▸ **TASK BRIEF**
Only the lines from the one containing "5) person [39,194,235,461]" through the one containing "13) person [1455,626,1622,967]" should be printed, exactly as they appear below, with both ends included.

───── MATERIAL FOR THIS EXERCISE

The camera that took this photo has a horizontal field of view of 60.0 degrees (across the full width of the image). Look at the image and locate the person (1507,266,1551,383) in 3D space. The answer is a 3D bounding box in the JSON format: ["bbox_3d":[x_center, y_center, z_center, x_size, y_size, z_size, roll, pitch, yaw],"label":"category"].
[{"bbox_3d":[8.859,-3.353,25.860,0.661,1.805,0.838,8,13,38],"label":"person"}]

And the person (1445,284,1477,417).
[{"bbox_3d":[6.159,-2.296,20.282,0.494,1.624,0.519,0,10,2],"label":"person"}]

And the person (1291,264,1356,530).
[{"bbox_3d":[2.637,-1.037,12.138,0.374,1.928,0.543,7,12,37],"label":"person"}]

──────────
───── MATERIAL FOR THIS EXERCISE

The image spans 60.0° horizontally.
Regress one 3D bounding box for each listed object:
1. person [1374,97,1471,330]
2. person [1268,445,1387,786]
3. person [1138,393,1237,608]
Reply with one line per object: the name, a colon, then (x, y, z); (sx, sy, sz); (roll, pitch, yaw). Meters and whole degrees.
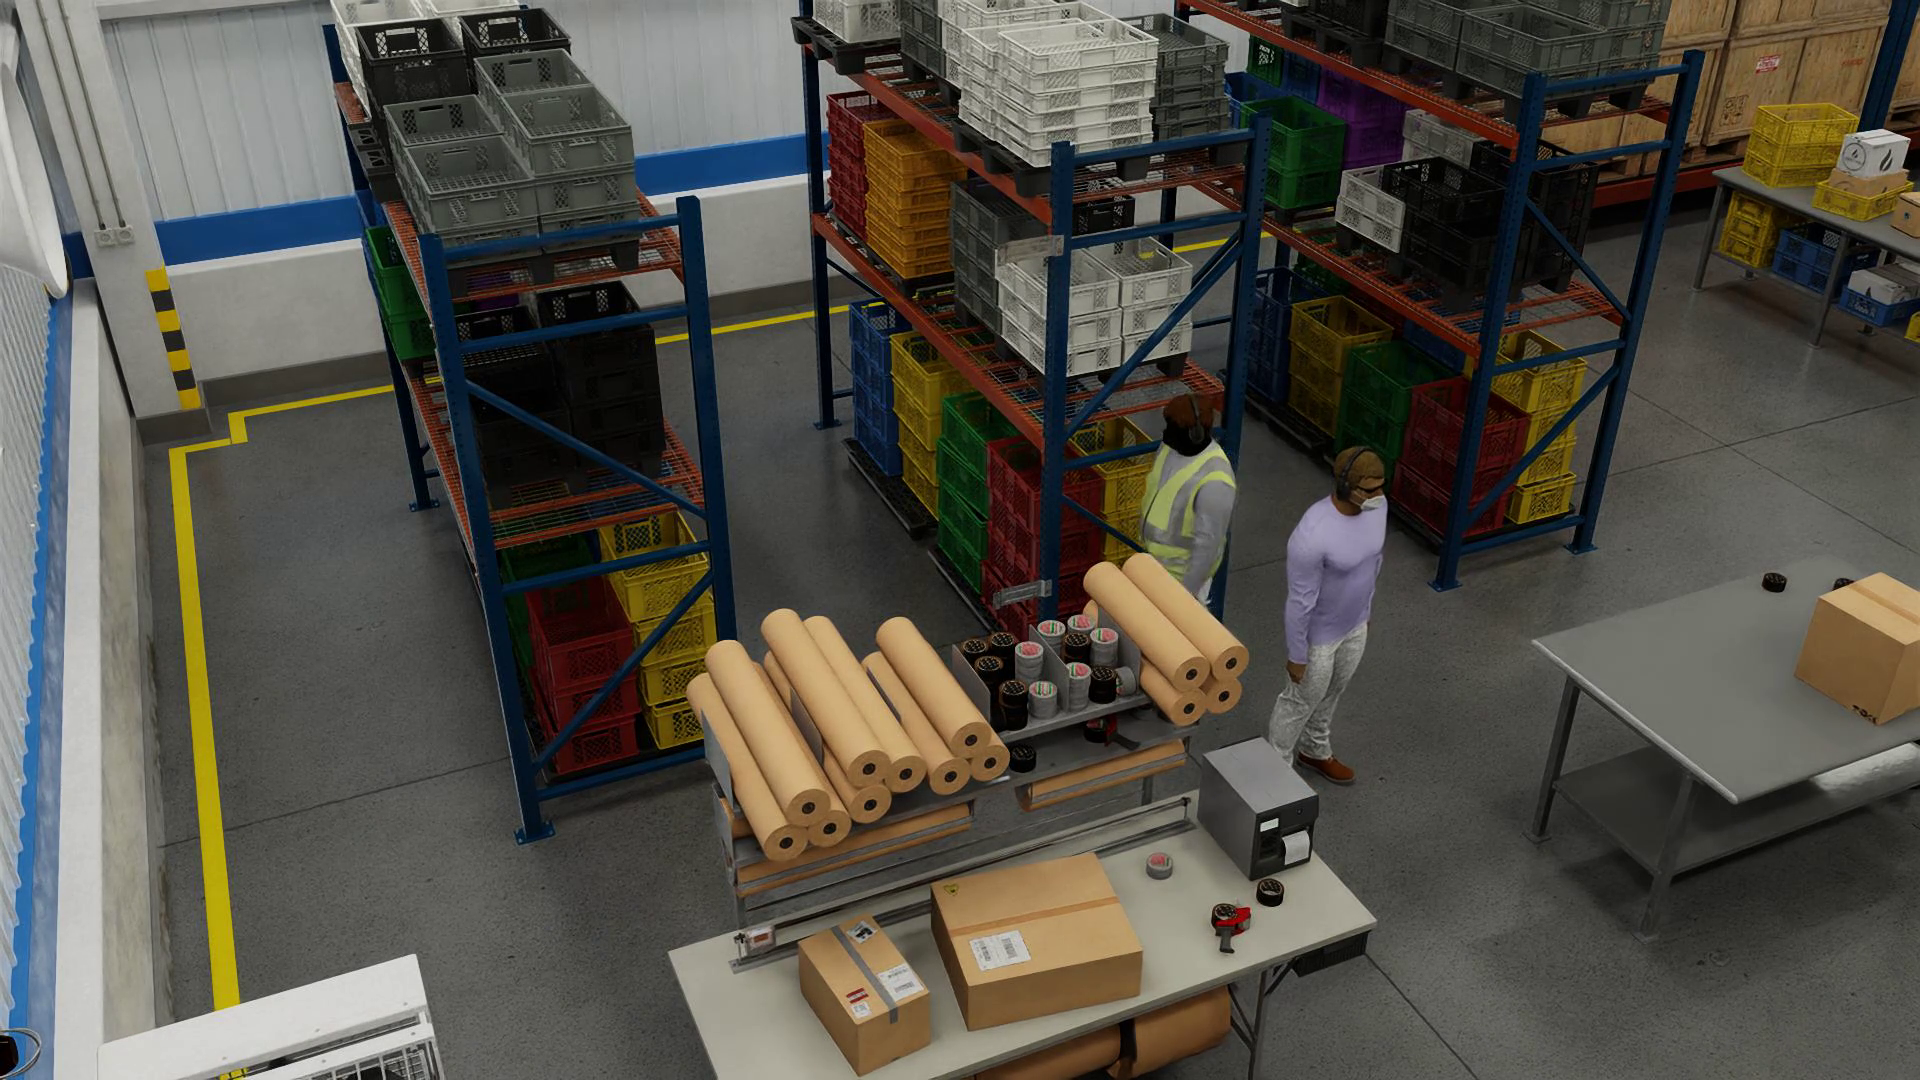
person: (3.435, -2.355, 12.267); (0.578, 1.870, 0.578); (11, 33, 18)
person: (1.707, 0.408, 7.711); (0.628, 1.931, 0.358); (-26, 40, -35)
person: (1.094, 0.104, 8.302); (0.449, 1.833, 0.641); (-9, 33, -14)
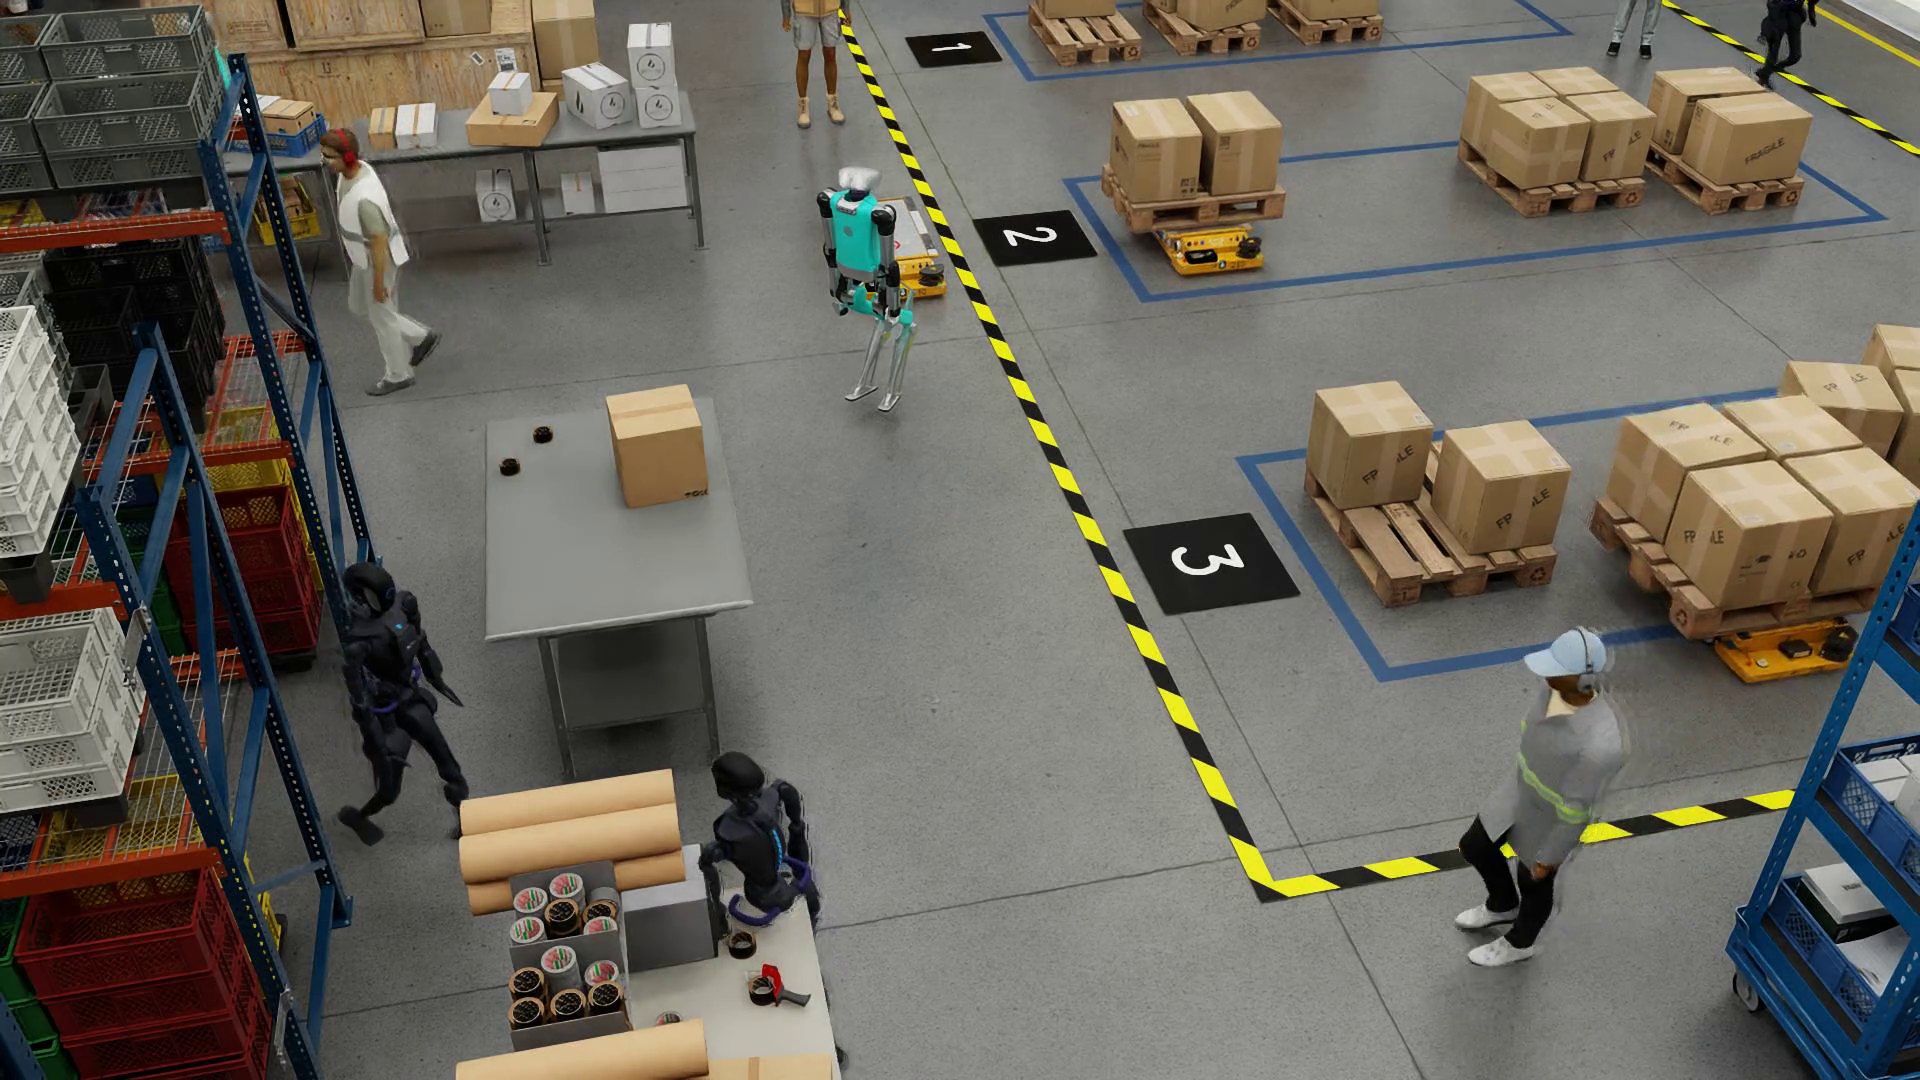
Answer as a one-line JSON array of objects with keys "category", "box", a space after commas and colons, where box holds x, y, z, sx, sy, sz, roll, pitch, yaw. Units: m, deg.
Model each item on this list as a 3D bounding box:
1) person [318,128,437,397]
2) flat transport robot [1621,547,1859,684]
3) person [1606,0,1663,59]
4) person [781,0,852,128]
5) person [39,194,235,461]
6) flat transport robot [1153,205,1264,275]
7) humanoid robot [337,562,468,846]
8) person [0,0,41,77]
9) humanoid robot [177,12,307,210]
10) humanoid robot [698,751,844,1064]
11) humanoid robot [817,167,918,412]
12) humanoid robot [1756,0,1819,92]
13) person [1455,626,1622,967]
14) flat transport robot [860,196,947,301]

──────────

▸ **ANSWER FOR THIS EXERCISE**
5) person [39,194,235,461]
6) flat transport robot [1153,205,1264,275]
7) humanoid robot [337,562,468,846]
8) person [0,0,41,77]
9) humanoid robot [177,12,307,210]
10) humanoid robot [698,751,844,1064]
11) humanoid robot [817,167,918,412]
12) humanoid robot [1756,0,1819,92]
13) person [1455,626,1622,967]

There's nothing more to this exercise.